● **SOURCE DATA**
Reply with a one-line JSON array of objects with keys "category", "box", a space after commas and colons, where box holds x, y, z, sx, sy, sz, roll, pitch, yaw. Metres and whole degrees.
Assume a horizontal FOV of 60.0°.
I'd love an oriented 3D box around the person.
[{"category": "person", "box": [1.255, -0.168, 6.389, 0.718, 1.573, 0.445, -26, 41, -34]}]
...
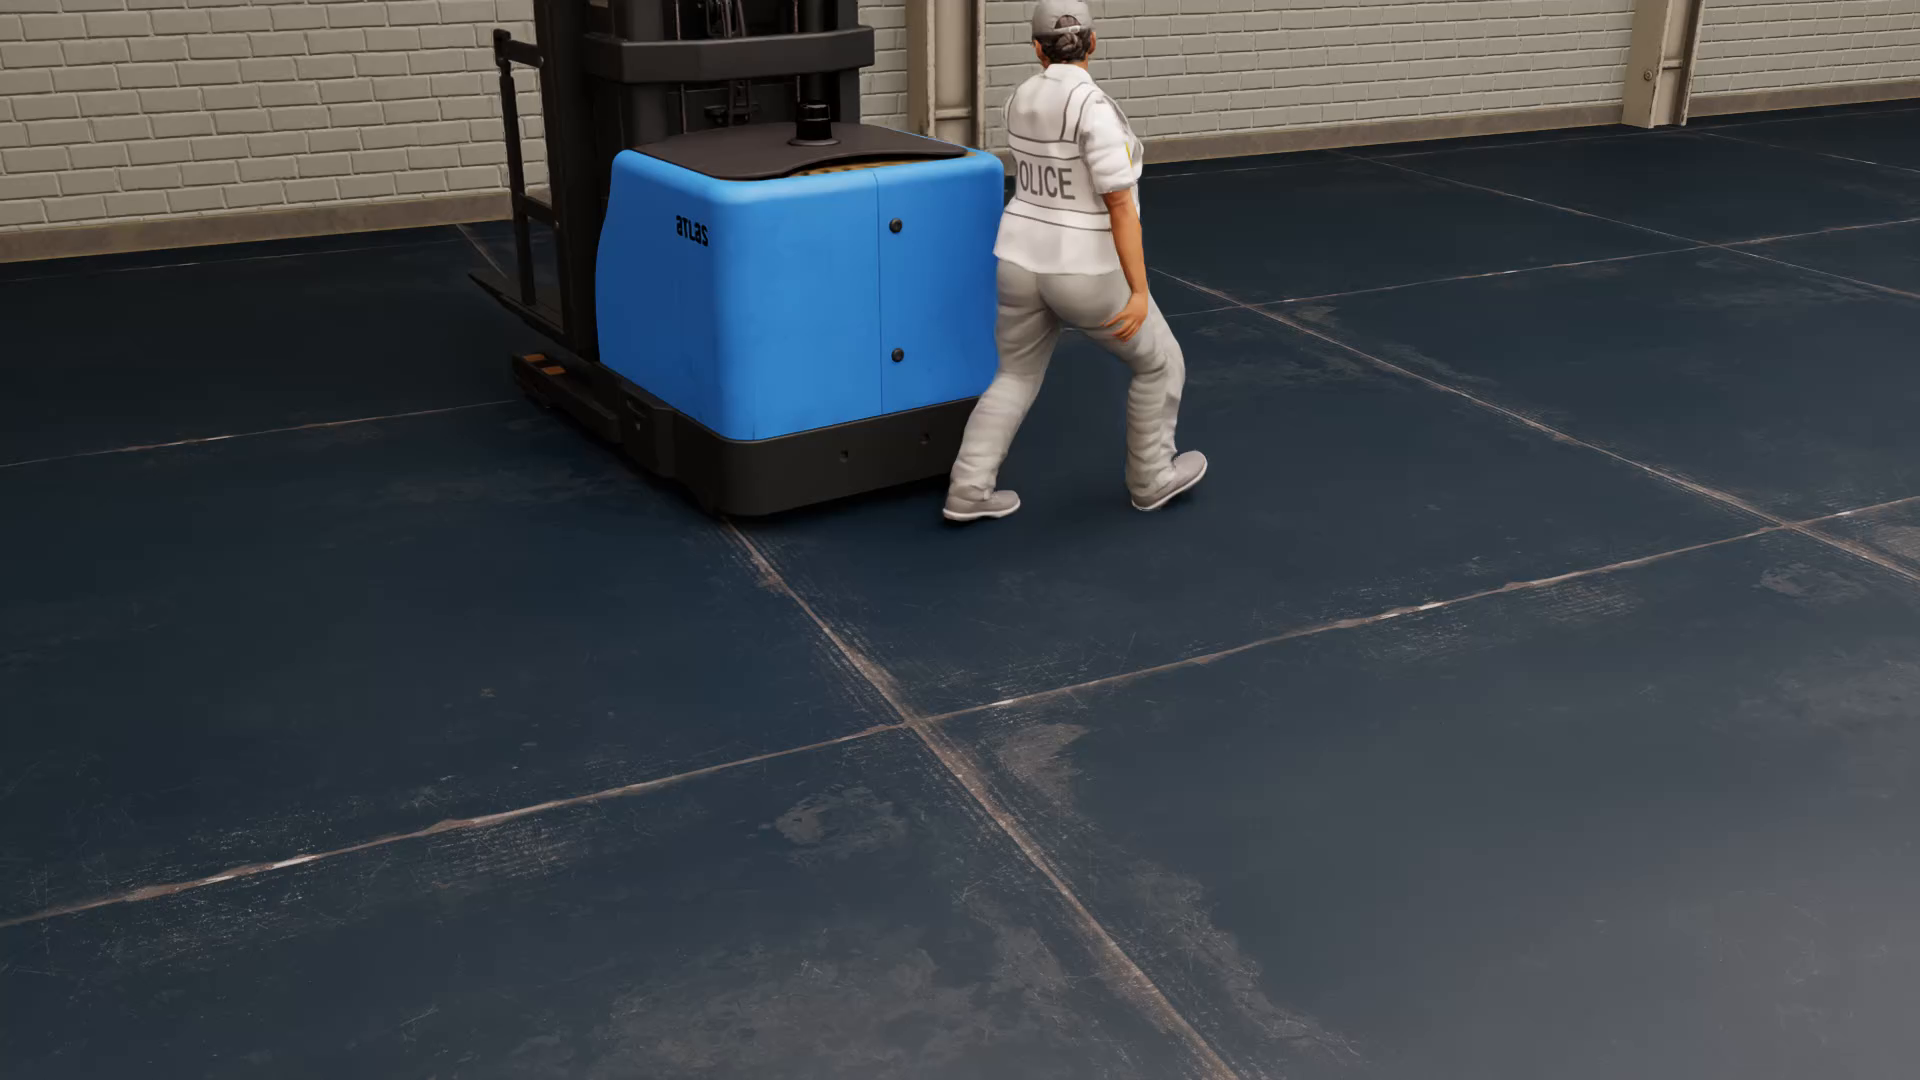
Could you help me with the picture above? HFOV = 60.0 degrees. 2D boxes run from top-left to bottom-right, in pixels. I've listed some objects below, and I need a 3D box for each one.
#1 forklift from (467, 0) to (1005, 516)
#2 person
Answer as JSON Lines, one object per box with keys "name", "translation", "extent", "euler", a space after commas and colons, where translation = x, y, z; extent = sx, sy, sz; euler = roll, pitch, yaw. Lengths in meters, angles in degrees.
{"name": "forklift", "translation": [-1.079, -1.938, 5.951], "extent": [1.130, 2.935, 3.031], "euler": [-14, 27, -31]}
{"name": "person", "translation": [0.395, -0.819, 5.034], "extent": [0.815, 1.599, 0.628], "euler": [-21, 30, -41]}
---
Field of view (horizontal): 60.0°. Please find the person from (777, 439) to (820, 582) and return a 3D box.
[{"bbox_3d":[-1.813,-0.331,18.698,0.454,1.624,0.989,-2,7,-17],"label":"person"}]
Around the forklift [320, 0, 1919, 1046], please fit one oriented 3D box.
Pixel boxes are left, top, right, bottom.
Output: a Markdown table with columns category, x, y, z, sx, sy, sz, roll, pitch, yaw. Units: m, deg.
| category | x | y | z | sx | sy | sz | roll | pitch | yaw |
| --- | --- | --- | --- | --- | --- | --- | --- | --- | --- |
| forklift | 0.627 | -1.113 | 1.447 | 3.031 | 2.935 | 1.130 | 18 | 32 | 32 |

● **WORK REQUIRED**
Taking the material above as a whole, how many of its lines contain "left"? The reply should be that number alone.

● **WRITTEN RESPONSE**
2